People who don’t have an intimate understanding of exactly how so-called “advanced” technologies work often think technology springs forth from a void like a magical spell.

But the truth is that science and technology are seldom defined by eureka moments that come in game-changing leaps. But, instead, by a slow, never-ending slog for truth that allows our collective knowledge to endure from one generation to the next.

If aliens gave us AI, the question is when? There are no inexplicable leaps in the history of artificial intelligence technology.

Today’s modern algorithms and the computers they run on can be reverse-engineered with mathematical precision all the way back to the ideas of philosophers such as Pythagoras and inventions such as the Antikythera mechanism – both of which existed more than 2,000 years ago.

It’s tripe to think we’d need aliens to give us something we’ve obviously been working on for thousands of years. The same goes with the pyramids. They didn’t spring up in the abstract, they were built piece by piece.

It’s a popular myth that we can’t explain how they were built. We can. We’re just not sure exactly which of many possible methods were actually deployed, which makes it more of a records-keeping problem on behalf of the ancient Egyptians than a mysterious puzzle.

The final form

And that just brings us to my favorite of all the trending AI and aliens tropes: the idea that aliens are AIs.

What if those UFOs the US Navy saw weren’t drones, but were actual sentient machines from another planet? Or what if aliens could visit Earth as ghosts in the machine without anyone knowing. Maybe that’s where computer glitches come from and why resetting our devices always seems to work like magic.

This would mean that the aliens we’re scanning the cosmos for are already here. They could even be hiding in plain sight – like robots in disguise.

But here’s the rub: We already struggle to demonstrate any evidence for organic life. Taking that a step further and assuming that not only is there organic life elsewhere in the universe, but that it either created or evolved into sentient machine life as well, is doubling down on the things we don’t know.

That’s not evidence. It’s a science fiction double feature. 
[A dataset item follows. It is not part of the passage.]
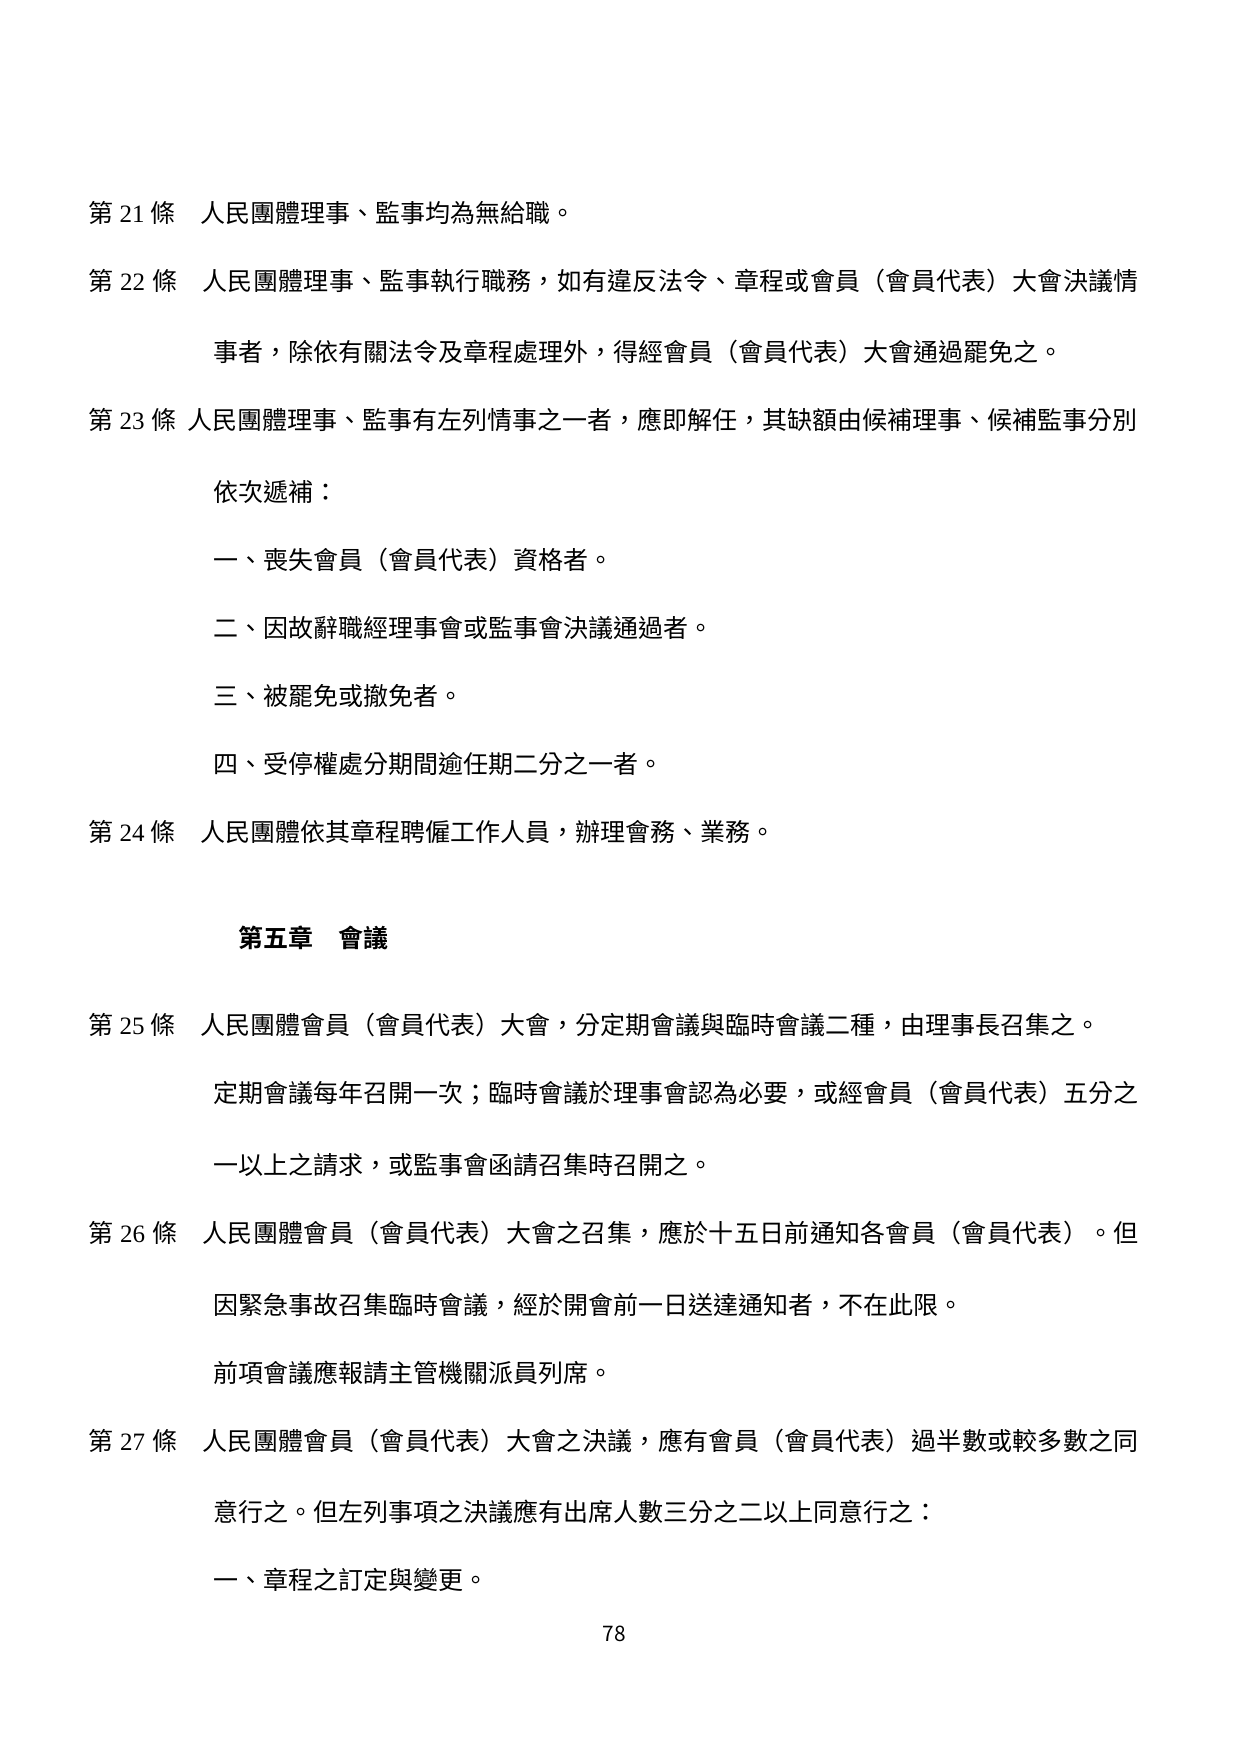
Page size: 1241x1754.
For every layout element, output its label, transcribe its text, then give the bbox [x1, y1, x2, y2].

We do not know that our own artificial intelligence technology will ever lead to general AI, sentient machines, living robots, thinking computers, or any other life-adjacent technological paradigm. We can only guess this will happen and continue working towards it.

Today’s experts predict these advances could be “right around the corner,” but they also predicted AI would win World War II when the Russian, British, US, and German military forces scrambled to develop and deploy it in the early 1940s.

We might be on the verge of proving AI is capable of true intelligence. And we might not.

For example, we’re no closer to time travel today than when the Manhattan Project ended in 1946. But quantum computing, once thought a parallel technology to time travel, is moving along nicely with functional (albeit not quite useful yet) examples from both Google and IBM in operation today.

There are no guarantees in science

If the truth is out there, we’re more likely to find it by focusing our efforts on advancing the tools we have and applying them to the search for ET.

Conjuring fantasies where aliens come to Barack Obama or Ian Goodfellow in a dream, and gift one of them the master algorithm, doesn’t push the field forward. Even though it is a lot of fun.

The problem is that the hunt for extraterrestrial life is actually quite serious.

We need UFO enthusiasts and people who believe. They’re important to our society.

But there are dangers to confusing the mainstream public and we’re at a point in time when a significant percent of the global population does not understand AI.

When the mainstream public stops understanding the lines between legitimate research and conspiracy theory, it can make it hard for real scientists to do real science.

And we need AI researchers and other scientists focused on building better algorithms so astrophysicists can develop stronger simulations, engineers can make useful quantum computers, and, with any luck, someone will finally figure out warp drives.

All of these things are firmly based in reality, should help us find any ETs out there, and, arguably, they’ll be necessary for our future whether aliens exist or not.